Żądaliśmy także wsparcia artyleryjskiego przeciwko najgroźniejszym dla nas niemieckim stanowiskom w Sejmie i w szpitalu Św. łazarza. Nie odmówiono nam go, ale artyleria sowiecka- zamiast strzelać na Sejm i szpital- kładła swe nawały ogniowe między nasze i niemieckie linie albo tłukła po naszych stanowiskach. Zła wola czerwonych była widoczna na każdym kroku.

Może ktoś natknął się gdzieś na podobne informacje, odnośnie jego stosunku do Rosjan, i ich zwolenników?

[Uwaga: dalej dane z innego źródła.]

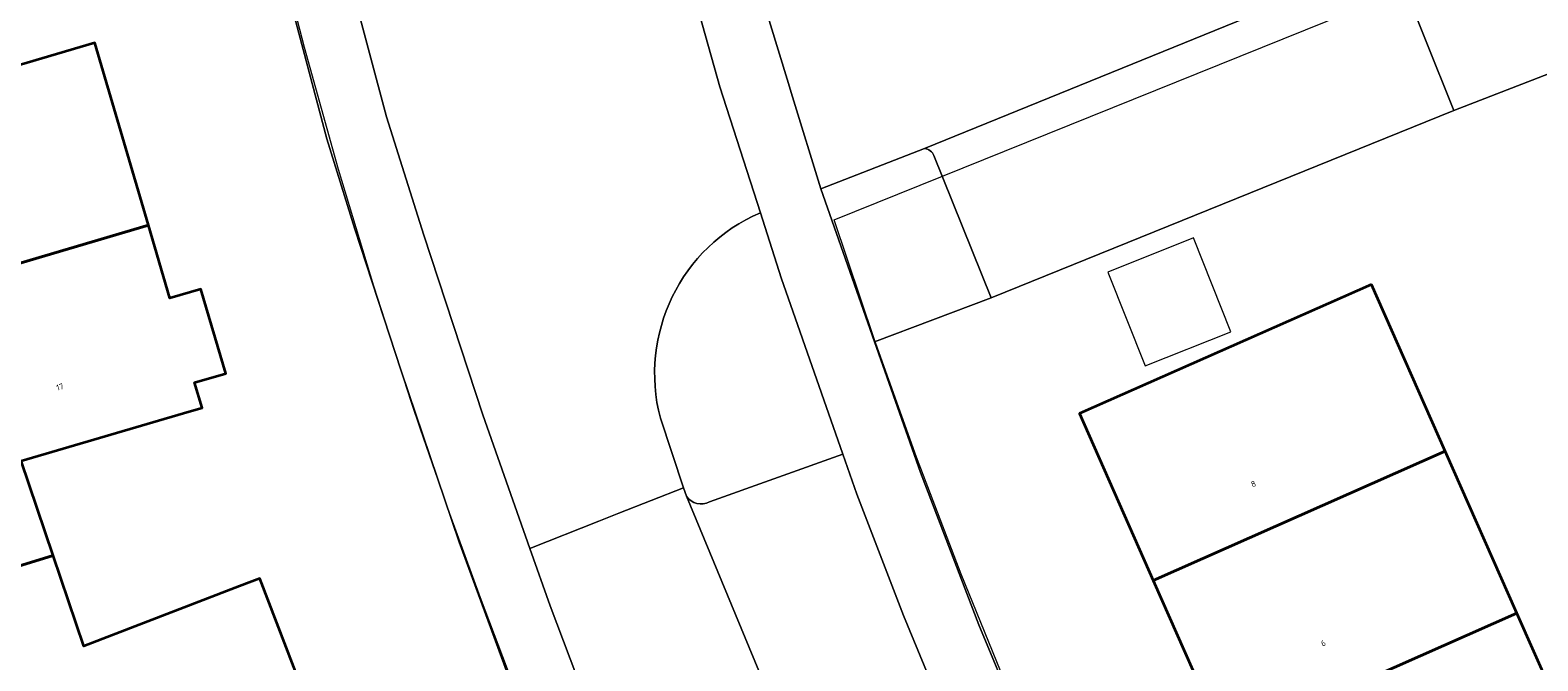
# Model space of a CAD drawing. Header units: metres. Extents: x 237319 to 238937, y 510065 to 511489.
# Tile 108 of 176: x 237894 to 237941, y 511092 to 511111. Entities that reach past the tile are written whole.
import ezdxf
from ezdxf.enums import TextEntityAlignment as Align

# ---------------------------------------------------------------- set-up
doc = ezdxf.new("R2010")
doc.units = ezdxf.units.M
for name, color, linetype, lineweight in [('B-WE-FV-GELEIDING_WILDRASTER-G', 252, 'Continuous', 18), ('B-WE-GR-BEPLANTING_CULTUUR_HEESTERS-GV', 252, 'Continuous', 18), ('B-WE-KG-GRENS_PERCEEL-GV', 252, 'Continuous', 18), ('B-WE-OG-BEBOUWING-GV', 252, 'Continuous', 35), ('B-WE-OG-BEBOUWING-T18', 252, 'Continuous', 18), ('B-WE-OG-BEBOUWING_SCHUUR-GV', 252, 'Continuous', 18), ('B-WE-OG-TERREIN_ERF-GV', 252, 'Continuous', 18), ('B-WE-VH-OPENVERHARDING-GV', 252, 'Continuous', 18)]:
    doc.layers.add(name, color=color, linetype=linetype, lineweight=lineweight)
doc.styles.add('NLCS-ISO-M100-T18', font='NLCS-ISO.ttf', dxfattribs={"height": 0.18})

# ---------------------------------------------------------------- blocks, each defined once
blk = doc.blocks.new('brk-2025')
at = {"layer": 'B-WE-KG-GRENS_PERCEEL-GV', "flags": 128}
for points in [[(237924.421, 511090.875), (237922.98, 511094.435), (237921.61, 511098.023), (237920.311, 511101.637), (237919.085, 511105.277), (237970.171, 511125.873), (237985.48, 511128.769)], [(237873.753, 511109.198), (237901.894, 511114.306), (237902.863, 511110.56), (237903.908, 511106.836), (237904.987, 511103.257), (237906.14, 511099.701), (237906.415, 511098.887), (237907.313, 511096.299), (237908.249, 511093.725), (237909.223, 511091.165)]]:
    blk.add_lwpolyline(points, dxfattribs=at)
blk = doc.blocks.new('bgt-2025')
at = {"layer": 'B-WE-GR-BEPLANTING_CULTUUR_HEESTERS-GV', "flags": 128}
for points in [[(237936.326, 511112.962), (237938.058, 511108.631), (237941.771, 511110.063), (237940.613, 511112.885)], [(237921.859, 511107.461), (237918.678, 511106.231), (237920.328, 511101.545)], [(237920.328, 511101.545), (237923.893, 511102.891), (237922.139, 511107.248)], [(237915.273, 511096.655), (237919.358, 511098.109), (237917.469, 511103.506), (237916.829, 511105.5)], [(237913.769, 511099.214), (237914.48, 511097.085), (237914.568, 511096.822)]]:
    blk.add_lwpolyline(points, dxfattribs=at)
at = {"layer": 'B-WE-GR-BEPLANTING_CULTUUR_HEESTERS-GV'}
for points in [[(237922.139, 511107.248, 0.289944), (237921.859, 511107.461)], [(237916.829, 511105.5, 0.37065), (237913.769, 511099.214)], [(237914.568, 511096.822, 0.390026), (237915.273, 511096.655)]]:
    blk.add_lwpolyline(points, format="xyb", dxfattribs=at)
at = {"layer": 'B-WE-OG-BEBOUWING-GV', "flags": 128}
for points in [[(237886.573, 511101.708), (237898.098, 511105.114), (237896.457, 511110.695), (237892.753, 511109.609), (237891.924, 511112.427), (237889.765, 511112.037), (237884.032, 511110.343)], [(237895.182, 511095.013), (237894.203, 511097.905), (237899.349, 511099.418), (237899.739, 511099.533), (237899.513, 511100.301), (237900.463, 511100.58), (237899.704, 511103.161), (237898.754, 511102.881), (237898.098, 511105.114), (237886.573, 511101.708), (237887.463, 511098.624), (237887.103, 511098.52), (237888.66, 511093.205), (237888.721, 511093.024), (237893.559, 511094.514)], [(237935.535, 511103.302), (237926.595, 511099.355), (237928.855, 511094.24), (237937.795, 511098.198)], [(237931.044, 511089.285), (237939.988, 511093.244), (237937.795, 511098.198), (237928.855, 511094.24)], [(237895.182, 511095.013), (237893.559, 511094.514), (237888.721, 511093.024), (237888.66, 511093.205), (237886.334, 511092.317), (237884.979, 511091.8), (237886.277, 511088.397), (237890.271, 511089.927), (237892.323, 511084.578), (237892.365, 511084.592), (237903.592, 511088.876), (237901.51, 511094.306), (237901.097, 511094.148), (237900.758, 511094.018), (237896.122, 511092.24)], [(237942.187, 511088.278), (237939.988, 511093.244), (237931.044, 511089.285), (237933.239, 511084.316)]]:
    blk.add_lwpolyline(points, close=True, dxfattribs=at)
at = {"layer": 'B-WE-OG-BEBOUWING_SCHUUR-GV', "flags": 128}
blk.add_lwpolyline([(237927.464, 511103.678), (237928.609, 511100.809), (237931.232, 511101.856), (237930.087, 511104.725)], close=True, dxfattribs=at)
at = {"layer": 'B-WE-OG-TERREIN_ERF-GV', "flags": 128}
for points in [[(237981.268, 511102.461), (237954.735, 511085.055), (237954.41, 511085.519), (237952.412, 511084.127), (237941.771, 511110.063), (237938.058, 511108.631), (237923.893, 511102.891), (237920.328, 511101.545)], [(237894.057, 511006.386), (237902.907, 511012.729), (237915.393, 511021.714), (237938.613, 511038.307), (237937.512, 511039.778), (237935.178, 511042.918), (237933.433, 511045.364), (237931.123, 511048.767), (237927.779, 511053.917), (237924.582, 511059.152), (237922.289, 511063.144), (237919.393, 511068.434), (237918.325, 511070.499), (237916.228, 511074.766), (237913.66, 511080.302), (237910.97, 511086.537), (237909.493, 511090.277), (237907.614, 511095.413), (237905.83, 511100.665), (237904.415, 511104.994), (237903.555, 511107.762), (237901.792, 511114.427), (237873.801, 511109.249)], [(237892.753, 511109.609), (237896.457, 511110.695), (237898.098, 511105.114), (237898.754, 511102.881), (237899.704, 511103.161), (237900.463, 511100.58), (237899.513, 511100.301), (237899.739, 511099.533), (237899.349, 511099.418), (237894.203, 511097.905), (237895.182, 511095.013), (237896.122, 511092.24), (237900.758, 511094.018), (237901.097, 511094.148), (237901.51, 511094.306), (237903.592, 511088.876)], [(237920.328, 511101.545), (237921.736, 511097.546), (237923.513, 511092.885), (237925.74, 511087.547), (237929.168, 511080.117), (237933.314, 511072.144), (237935.105, 511068.908), (237938.083, 511063.915), (237940.809, 511059.584), (237943.759, 511055.076), (237945.493, 511052.592), (237949.934, 511046.424), (238011.007, 511090.176), (238031.059, 511104.587)]]:
    blk.add_lwpolyline(points, dxfattribs=at)
blk.add_lwpolyline([(237944.456, 511083.152), (237935.493, 511079.214), (237933.239, 511084.316), (237931.044, 511089.285), (237928.855, 511094.24), (237926.595, 511099.355), (237935.535, 511103.302), (237937.795, 511098.198), (237939.988, 511093.244), (237942.187, 511088.278)], close=True, dxfattribs=at)
at = {"layer": 'B-WE-VH-OPENVERHARDING-GV', "flags": 128}
for points in [[(237907.912, 511149.309), (237908.514, 511143.336), (237908.634, 511142.435), (237909.043, 511139.375), (237909.835, 511134.071), (237909.931, 511133.427), (237910.915, 511128.123), (237911.008, 511127.692), (237912.516, 511120.703), (237914.021, 511114.879), (237914.965, 511111.56), (237915.592, 511109.353), (237916.829, 511105.5), (237917.469, 511103.506), (237919.358, 511098.109), (237919.785, 511096.888), (237921.213, 511093.178), (237923.495, 511087.642)], [(237925.74, 511087.547), (237923.513, 511092.885), (237921.736, 511097.546), (237920.328, 511101.545), (237918.678, 511106.231), (237917.814, 511109.044), (237917.649, 511109.582), (237916.861, 511112.151), (237915.487, 511117.136), (237915.237, 511118.156), (237914.119, 511122.702), (237913.001, 511127.909), (237912.503, 511130.665), (237912.401, 511131.23), (237911.883, 511134.094), (237911.153, 511138.958), (237910.852, 511140.961), (237910.343, 511145.203)], [(237896.257, 511145.473), (237897.198, 511137.663), (237898.254, 511130.738), (237899.171, 511125.816), (237899.978, 511121.897), (237901.091, 511117.2), (237901.792, 511114.427), (237903.555, 511107.762), (237904.415, 511104.994), (237905.83, 511100.665), (237907.614, 511095.413), (237909.493, 511090.277)], [(237912.469, 511087.979), (237910.391, 511093.466), (237909.773, 511095.225), (237908.336, 511099.312), (237906.524, 511104.816), (237905.381, 511108.431), (237903.82, 511114.284), (237901.794, 511122.592), (237900.138, 511131.167), (237899.087, 511137.948), (237898.705, 511140.959), (237898.506, 511142.528), (237897.962, 511147.665)], [(237904.187, 511138.166), (237903.758, 511141.583), (237898.705, 511140.959), (237899.087, 511137.948), (237900.138, 511131.167), (237901.794, 511122.592), (237903.82, 511114.284), (237905.381, 511108.431), (237906.524, 511104.816), (237908.336, 511099.312), (237909.773, 511095.225), (237911.883, 511096.059), (237912.494, 511096.3), (237914.48, 511097.085), (237913.769, 511099.214)], [(237916.861, 511112.151), (237917.649, 511109.582), (237917.814, 511109.044), (237918.678, 511106.231), (237921.859, 511107.461), (237936.467, 511113.415), (237937.477, 511113.82), (237938.75, 511116.642), (237935.76, 511128.615), (237935.957, 511132.994), (237932.801, 511133.136), (237916.265, 511133.897), (237911.883, 511134.094), (237912.401, 511131.23), (237912.503, 511130.665), (237913.001, 511127.909), (237925.048, 511127.278)], [(237936.467, 511113.415), (237921.859, 511107.461)], [(237938.058, 511108.631), (237936.326, 511112.962)], [(237916.829, 511105.5), (237915.592, 511109.353), (237914.965, 511111.56)], [(237922.139, 511107.248), (237923.893, 511102.891), (237938.058, 511108.631)], [(237922.023, 511080.088), (237926.091, 511081.892), (237925.528, 511083.063), (237923.495, 511087.642), (237921.213, 511093.178), (237919.785, 511096.888), (237919.358, 511098.109), (237915.273, 511096.655)], [(237944.335, 511042.409), (237942.738, 511044.495), (237940.98, 511046.885), (237940.921, 511046.975), (237930.634, 511062.712), (237927.835, 511067.636), (237924.636, 511073.559), (237922.554, 511077.758), (237921.749, 511079.488), (237914.568, 511096.822), (237914.48, 511097.085), (237912.494, 511096.3), (237911.883, 511096.059), (237909.773, 511095.225), (237910.391, 511093.466), (237912.469, 511087.979), (237914.14, 511084.056), (237917.319, 511076.966), (237920.785, 511069.963), (237924.552, 511063.09), (237928.46, 511056.506), (237932.472, 511050.266), (237936.032, 511045.061), (237939.085, 511040.925)], [(237914.568, 511096.822), (237921.749, 511079.488)]]:
    blk.add_lwpolyline(points, dxfattribs=at)
at = {"layer": 'B-WE-VH-OPENVERHARDING-GV'}
for points in [[(237921.859, 511107.461, -0.289944), (237922.139, 511107.248)], [(237913.769, 511099.214, -0.37065), (237916.829, 511105.5)], [(237915.273, 511096.655, -0.390026), (237914.568, 511096.822)]]:
    blk.add_lwpolyline(points, format="xyb", dxfattribs=at)
at = {"layer": 'B-WE-KG-GRENS_PERCEEL-GV'}
blk.add_blockref('brk-2025', (0, 0), dxfattribs=at)
at = {"layer": 'B-WE-OG-BEBOUWING-T18', "style": 'NLCS-ISO-M100-T18'}
for s, rotation, p in [('17', 16.4, (237895.389, 511100.168)), ('8', 23.9, (237931.922, 511097.199)), ('6', 23.9, (237934.061, 511092.329))]:
    blk.add_text(s, height=0.18, rotation=rotation, dxfattribs=at).set_placement(p, align=Align.MIDDLE)

msp = doc.modelspace()

# ---------------------------------------------------------------- block references
at = {"layer": 'B-WE-FV-GELEIDING_WILDRASTER-G'}
msp.add_blockref('bgt-2025', (0, 0), dxfattribs=at)

doc.saveas('drawing.dxf')

No cóz-do kadry dowódczej organizacji NIE nie wyznaczano sympatyków szeroko pojętej lewicy-z PPS i ludowcami z SL czy liberalnymi demokratami z SD włącznie a Runge w policyjno-bezpieczniackiej karierze(bo to nie była policja kryminalna-lecz nadzór nad policją polityczną) przed wojną pracował głównie "po linii " ruchu lewicowego i antysanacyjnej,antypiłsudczykowskiej opozycji .Okupacja przez ZSRR a potem anektowanie jego stron rodzinnych raczej nie spowodowało wzrostu sympatii do ZSRR.Co do Blaszanki to obsadzał ją pluton AL i PAL.Co do rzekomego świadomego ostrzeliwania przez wezwaną artylerię radziecka pozycji powstańców-zarzut tej samej miary co do przytaczanego często jako koronny dowód złej woli zrzucania zasobników bez spadochronów-czyli standartowego sposobu RKKA zaopatrywania własnych wojsk walczących w okrążeniu czy to np pod Stalingradem czy w lipcu 1944 za Bugiem..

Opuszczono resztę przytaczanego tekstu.